Aller marcher au grand air…
Dans les pages du Monde qui achève ce troisième week-end, un Carnet national en double page dessine en traits légers et doux, le portrait de morts du coronavirus. Et c’est une litanie de noms, de prénoms, un « océan funèbre » de noms, de prénoms, d’âges, de qualités et de lieux : as du tricot, amateur de scrabble, joueur d’accordéon, institutrice, résistant, prêtre ouvrier, médecin, infirmière, aide-soignant, certains fauchés, tombés – le vocabulaire guerrier persiste, en vingt-quatre heures seulement.
Et Proust ?
Dans la deuxième partie d’A l’ombre des jeunes-filles en fleurs, le narrateur part en vacances à Balbec, accompagné de sa grand-mère. Une fois oublié son amour de jeunesse, désormais indifférent à Gilberte, il part en vacances à Balbec en train. Et l’on découvre que bien avant le célèbre petit morceau de mur jaune de la «Vue de Delft » de Vermeer, le narrateur plonge dans la couleur bleue du store d’une fenêtre dans un train.

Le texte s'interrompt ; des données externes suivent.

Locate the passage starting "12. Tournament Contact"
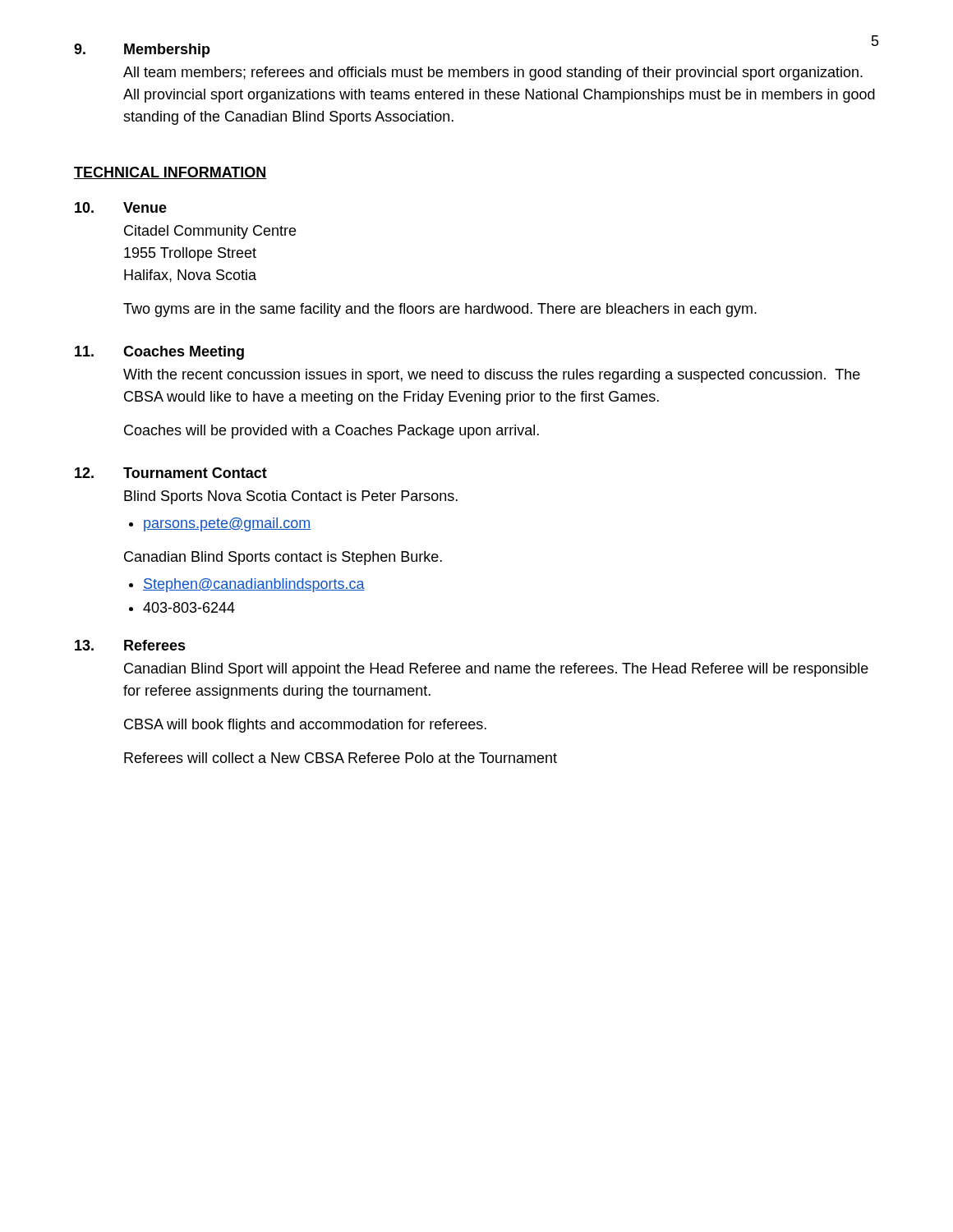pos(170,473)
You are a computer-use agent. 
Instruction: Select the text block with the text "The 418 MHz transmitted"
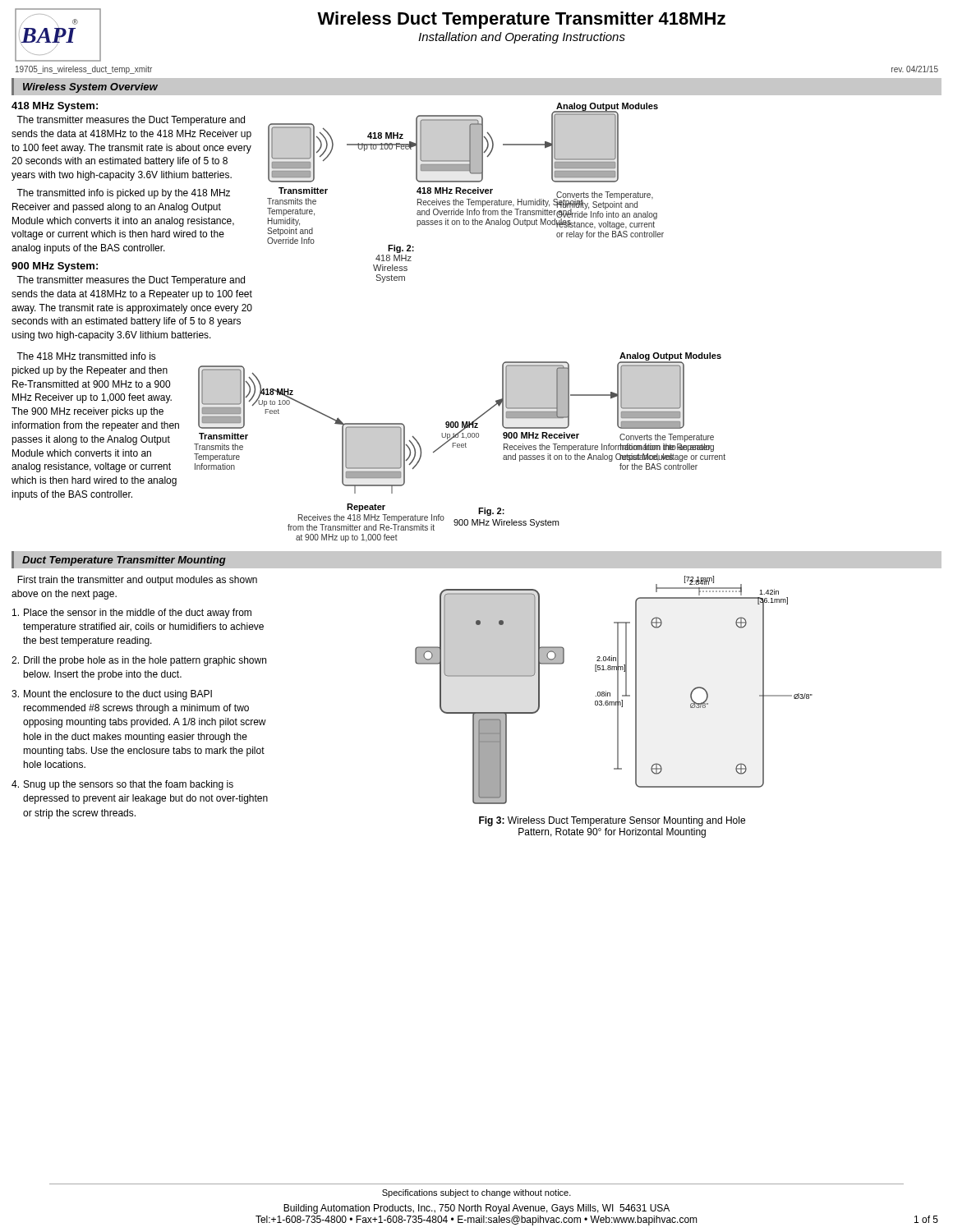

Et ce passage nous étonne et nous amuse, qui raconte l’ivresse du narrateur. Celui-ci suit en effet les conseils du Dr Cottard qui «pour éviter les crises de suffocation m’avait conseillé de prendre au moment du départ un peu trop de bière ou de cognac, afin d’être dans cet état qu’il appelait «euphorie», où le système nerveux est momentanément moins vulnérable.» Alors, sous le regard courroucé de sa grand-mère qui préfèrerait le voir lire la correspondance de Madame de Sévigné, le narrateur va boire, beaucoup trop, selon ses termes, dans le bar du train. Et lorsqu’il reprend place dans le compartiment, il trouve tout charmant et il s’abîme dans la contemplation du store de la fenêtre : «La couleur bleue du store me semblait, non peut-être par sa beauté, mais par sa vivacité intense, effacer à tel point toutes les couleurs qui avaient été devant mes yeux depuis le jour de ma naissance jusqu’au moment où j’avais fini d’avaler ma boisson et où elle avait commencé de faire son effet, qu’à côté de ce bleu du store, elles étaient pour moi aussi ternes, aussi nulles que peut l’être rétrospectivement l’obscurité où ils ont vécu pour les aveugles-nés qu’on opère sur le tard et qui voient enfin les couleurs. Un vieil employé vint nous demander nos billets. Les reflets argentés qu’avaient les boutons en métal de sa tunique ne laissèrent pas de me charmer. Je voulus lui demander de s’asseoir à côté de nous… Le plaisir que j’éprouvais à regarder le store bleu et à sentir que ma bouche était à demi ouverte commença enfin à diminuer. Je devins plus mobile; je remuai un peu; j’ouvris le volume que ma grand-mère m’avait tendu et je pus fixer mon attention sur les pages que je choisis ça et là.»
On reviendra à ce voyage en train vers Balbec…
En attendant, fixer son attention sur les pages que l’on choisit ici ou là, tenter de fixer son attention sur les pages du livre, c’est bien là l’exercice difficile et quotidien de la lecture de Proust… au temps du coronavirus.